Comments 1: The selection of articles is part of the methodology, not the results.

Response: We thank the reviewer for this recommendation. Upon further consideration, we agree that presenting the specific outcomes of the study selection process, including the flowchart, aligns well with standard reporting practices for the methodology section.

Therefore, we have made the following structural revisions to the manuscript as suggested by the reviewer:

1. Created New Subsection: We created a new subsection within Section 2 (Materials and Methods), titled "2.4 Study selection.”
2. Relocated Study Selection Text: The text describing the initial search results, duplicate removal, screening process, and final selection of the 50 articles has been moved to this new Subsection 2.4 (Lines 141-152).
3. Relocated Figure 1: The flowchart illustrating the study selection process (Figure 1) and its corresponding caption have also been moved to the new subsection 2.4 (Line 153).
4. Revised Start of Section 3: Consequently, Section 3 (Results and Discussion) now begins directly with the presentation and discussion of the synthesised findings derived from the selected studies (line 163).

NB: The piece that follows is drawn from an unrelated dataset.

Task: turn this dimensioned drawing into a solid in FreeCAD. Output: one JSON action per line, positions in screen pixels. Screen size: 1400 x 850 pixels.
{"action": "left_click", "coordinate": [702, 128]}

We believe that these revisions address the reviewer's comments and improve the manuscript's structure and adherence to conventional reporting formats.

Comments 2/3: The assessment of nutrient doses in relation to health status is primarily considered from the perspective of nutritional requirements based on age groups, gender, and the presence or absence of comorbidities, as well as genetic factors. However, the authors fail to take these factors into account. They should emphasize these aspects more thoroughly in the discussion section.

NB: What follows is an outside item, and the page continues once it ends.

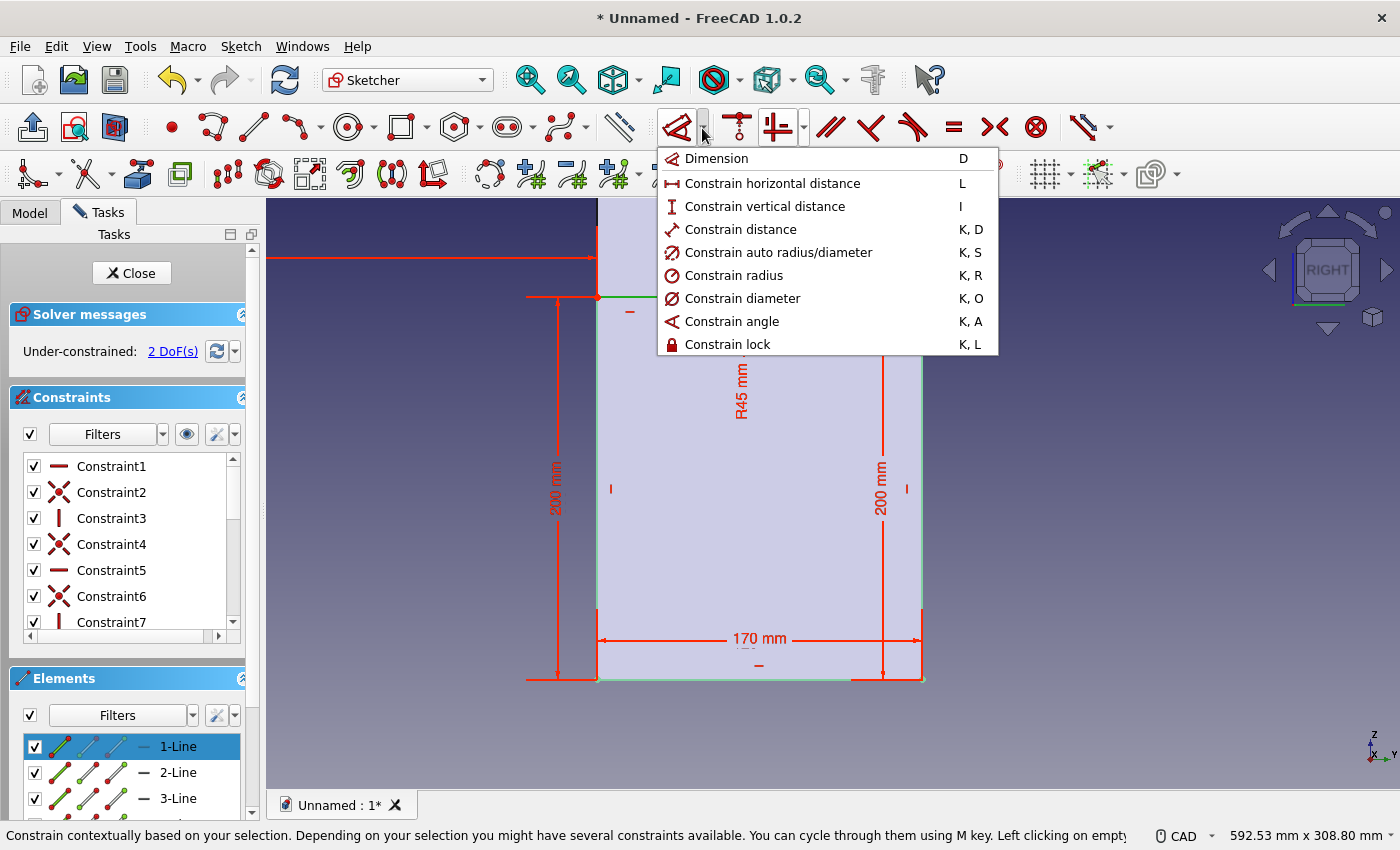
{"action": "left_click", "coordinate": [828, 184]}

A proper evaluation of nutrient doses in relation to age is crucial for maintaining health throughout life. Each stage of life has specific nutritional needs that, when appropriately addressed, contribute to optimal development, disease prevention, and overall well-being. Maintaining an adequate nutritional balance is key to longevity and quality of life.

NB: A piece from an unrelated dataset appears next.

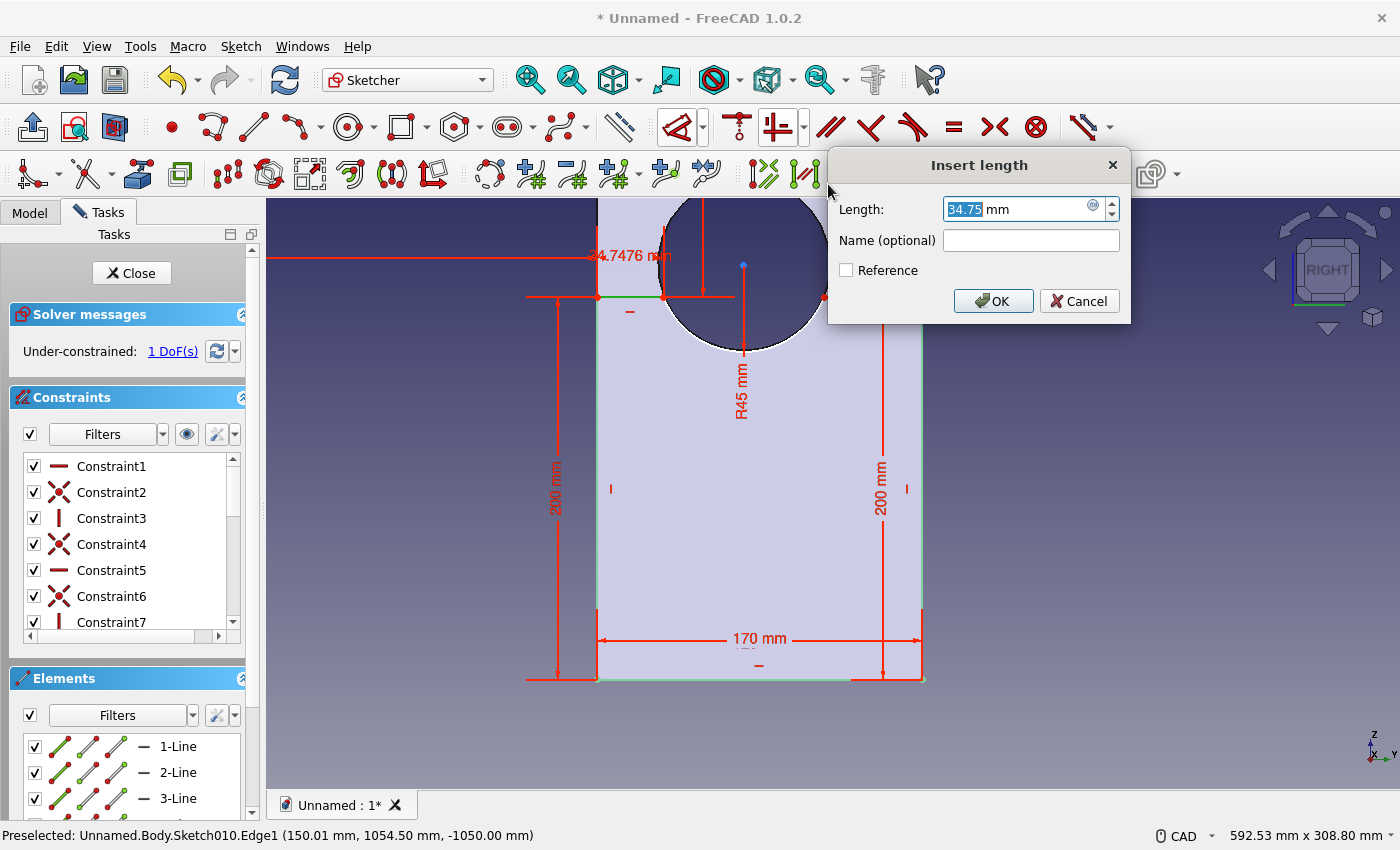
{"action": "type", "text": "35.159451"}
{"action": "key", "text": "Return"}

Response: We thank the reviewer for the concluding remarks and fully concur with the critical importance of accounting for population variables (age, sex, physiological status, genetics) and dosage when discussing nutrient effects and requirements. Generalising findings across diverse populations without considering these factors is a major challenge and a potential source of bias.

As acknowledged in our previous responses and detailed in the manuscript, the primary limitation of this review in this regard stems from the nature of the available source data, as published meta-analyses often lack the necessary stratification. Our review aimed to compile the existing quantitative evidence.

To thoroughly address the reviewer's emphasis on this crucial point, we have significantly strengthened the discussion in the Limitations section (Section 3.14, Lines 436-454). The revised text is now more explicit.

1. Highlights the fundamental principle that nutrient requirements and responses vary considerably based on age, sex, physiological state, and genetics, citing relevant literature [Stover et al., 2020; Niforou et al., 2020].
2. Acknowledges that source meta-analyses often lack detailed stratification across these key variables.
3. Explicitly states that the generalised findings presented must be interpreted with caution and may not be directly applicable to specific subgroups without further context or adjustment.
4. References modern RBA guidance [EFSA Scientific Committee, 2024; Boué et al., 2022] that underscores the importance of addressing population variability, thereby reinforcing the significance of this limitation in the source data.
5. Clearly identifies this lack of stratification as a potential source of uncertainty and confounding bias.

We believe that this enhanced discussion in the Limitations section now thoroughly addresses the reviewer's valid concerns about the need for precision and the potential biases introduced when detailed population characteristics are not accounted for in the underlying evidence base.

We thank the reviewer again for the constructive comments, which have helped us improve the clarity and rigor of the manuscript.